A few years later, in 1982, with his life coming unstitched, Gaye called on his old mentor to help him with a comeback, on what would be his final album, Midnight Love. Gaye couldn’t crack the recording of a song. He needed a sage. Nearly 30 years after moving to Cleveland and penning one of the most plaintive ballads of the century, Harvey Fuqua traveled to Belgium and assisted Marvin Gaye in the recording of “Sexual Healing.” He’s credited as a “production adviser” on the song. Gaye told David Ritz, “Harvey saved my life.” Gaye was shot and killed by his father less than two years later.

As Fuqua emerged as a majordomo of the soul music that would conquer America in the post-’50s rock ’n’ roll era, Alan Freed was struck by payola scandals. He bounced around New York in the early part of the 1960s, agreeing to all sorts of contracts dictating what he would and would not accept as a disc jockey. He became a pariah. Within two years, he left for Palm Springs. By 1965, he was diagnosed with cirrhosis brought on by excessive alcohol consumption. He died that year. He never got to hear “Ain’t No Mountain High Enough.”

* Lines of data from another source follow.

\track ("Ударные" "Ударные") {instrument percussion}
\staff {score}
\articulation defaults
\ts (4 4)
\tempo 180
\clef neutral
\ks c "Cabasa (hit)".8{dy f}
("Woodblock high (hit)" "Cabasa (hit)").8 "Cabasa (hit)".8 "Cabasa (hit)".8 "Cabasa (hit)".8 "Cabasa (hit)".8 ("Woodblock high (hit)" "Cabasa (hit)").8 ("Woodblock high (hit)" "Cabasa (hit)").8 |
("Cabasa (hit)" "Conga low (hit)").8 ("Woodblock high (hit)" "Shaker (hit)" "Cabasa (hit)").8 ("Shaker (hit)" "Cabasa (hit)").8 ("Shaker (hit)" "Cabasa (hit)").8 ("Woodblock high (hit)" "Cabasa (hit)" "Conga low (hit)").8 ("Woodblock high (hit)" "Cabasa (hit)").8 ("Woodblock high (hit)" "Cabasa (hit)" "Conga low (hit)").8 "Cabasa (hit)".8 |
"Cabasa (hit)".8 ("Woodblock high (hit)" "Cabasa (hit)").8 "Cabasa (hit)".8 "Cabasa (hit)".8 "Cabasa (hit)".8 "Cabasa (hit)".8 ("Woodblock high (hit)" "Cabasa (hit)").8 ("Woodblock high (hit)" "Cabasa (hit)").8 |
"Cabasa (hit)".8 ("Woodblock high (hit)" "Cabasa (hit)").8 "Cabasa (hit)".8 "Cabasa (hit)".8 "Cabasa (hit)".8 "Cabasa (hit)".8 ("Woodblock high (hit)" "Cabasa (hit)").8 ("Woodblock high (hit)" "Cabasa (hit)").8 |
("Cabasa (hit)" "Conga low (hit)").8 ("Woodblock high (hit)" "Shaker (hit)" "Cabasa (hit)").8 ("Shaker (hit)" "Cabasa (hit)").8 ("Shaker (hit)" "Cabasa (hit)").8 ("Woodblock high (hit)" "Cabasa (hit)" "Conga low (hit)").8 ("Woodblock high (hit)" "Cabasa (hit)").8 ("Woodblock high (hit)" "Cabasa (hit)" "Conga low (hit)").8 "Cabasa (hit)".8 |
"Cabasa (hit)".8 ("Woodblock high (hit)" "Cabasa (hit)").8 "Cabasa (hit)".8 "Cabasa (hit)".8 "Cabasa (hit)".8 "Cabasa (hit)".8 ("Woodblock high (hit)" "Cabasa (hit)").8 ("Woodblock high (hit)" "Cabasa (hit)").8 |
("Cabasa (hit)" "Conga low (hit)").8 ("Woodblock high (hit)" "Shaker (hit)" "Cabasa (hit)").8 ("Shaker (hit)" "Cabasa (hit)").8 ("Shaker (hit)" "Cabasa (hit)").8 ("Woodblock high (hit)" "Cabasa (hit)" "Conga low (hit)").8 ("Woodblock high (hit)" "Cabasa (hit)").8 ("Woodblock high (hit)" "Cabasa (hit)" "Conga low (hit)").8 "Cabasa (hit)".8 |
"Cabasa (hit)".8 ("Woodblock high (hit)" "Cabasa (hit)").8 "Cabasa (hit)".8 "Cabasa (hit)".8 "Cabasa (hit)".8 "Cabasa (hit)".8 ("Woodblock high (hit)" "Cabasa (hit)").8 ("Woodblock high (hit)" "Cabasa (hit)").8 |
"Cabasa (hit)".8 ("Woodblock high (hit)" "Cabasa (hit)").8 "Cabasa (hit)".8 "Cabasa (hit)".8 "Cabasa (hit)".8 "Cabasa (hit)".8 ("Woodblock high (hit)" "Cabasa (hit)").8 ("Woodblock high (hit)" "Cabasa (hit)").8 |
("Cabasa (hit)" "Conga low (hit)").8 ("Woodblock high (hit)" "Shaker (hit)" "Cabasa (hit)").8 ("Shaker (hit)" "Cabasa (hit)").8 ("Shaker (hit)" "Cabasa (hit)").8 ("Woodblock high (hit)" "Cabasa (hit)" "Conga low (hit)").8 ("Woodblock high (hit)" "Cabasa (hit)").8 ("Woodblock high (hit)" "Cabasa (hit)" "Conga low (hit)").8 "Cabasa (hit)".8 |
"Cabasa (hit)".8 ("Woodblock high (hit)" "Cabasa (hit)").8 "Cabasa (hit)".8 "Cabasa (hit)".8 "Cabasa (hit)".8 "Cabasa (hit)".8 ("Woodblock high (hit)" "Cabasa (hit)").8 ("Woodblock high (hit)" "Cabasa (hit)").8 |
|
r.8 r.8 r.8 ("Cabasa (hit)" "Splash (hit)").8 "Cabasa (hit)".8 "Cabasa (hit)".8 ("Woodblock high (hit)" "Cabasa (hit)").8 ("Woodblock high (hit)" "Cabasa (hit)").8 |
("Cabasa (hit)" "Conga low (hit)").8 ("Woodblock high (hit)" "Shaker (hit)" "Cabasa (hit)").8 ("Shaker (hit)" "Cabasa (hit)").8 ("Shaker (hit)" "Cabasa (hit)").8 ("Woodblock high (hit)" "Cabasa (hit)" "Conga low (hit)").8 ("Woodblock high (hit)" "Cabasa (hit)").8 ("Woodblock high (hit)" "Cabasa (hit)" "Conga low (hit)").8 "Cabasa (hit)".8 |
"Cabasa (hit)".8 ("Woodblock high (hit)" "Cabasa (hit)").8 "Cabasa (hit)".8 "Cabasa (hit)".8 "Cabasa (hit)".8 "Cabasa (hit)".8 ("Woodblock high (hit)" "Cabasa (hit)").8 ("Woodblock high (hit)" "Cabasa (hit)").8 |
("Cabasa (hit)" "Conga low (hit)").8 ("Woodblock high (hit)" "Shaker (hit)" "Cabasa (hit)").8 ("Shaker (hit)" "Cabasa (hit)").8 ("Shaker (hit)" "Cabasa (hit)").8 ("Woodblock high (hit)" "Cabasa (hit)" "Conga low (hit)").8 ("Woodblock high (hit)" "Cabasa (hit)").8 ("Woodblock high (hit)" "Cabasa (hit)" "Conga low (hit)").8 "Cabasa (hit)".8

Fuqua lived until 2010, and performed with the Moonglows through the 1990s. In the interim, “Sincerely” was discovered by a generation that has been watching Goodfellas on cable for decades. It can be heard during the cookout at Paulie’s house (“For a guy who moved all day long, Paulie didn’t talk to six people”) and appears second on the soundtrack album, right after Tony Bennett’s “Rags to Riches.” (More movie connections: Fuqua’s nephew is the film director Antoine Fuqua, who made Training Day and the forthcoming Magnificent Seven remake.)

For those who know about Harvey Fuqua, he was an architect. For those who know about Freed, he was a hustler. Freed was inducted into the Rock and Roll Hall of Fame in Cleveland in 1986, the inaugural class. Fuqua and the Moonglows joined him in the Hall 14 years later.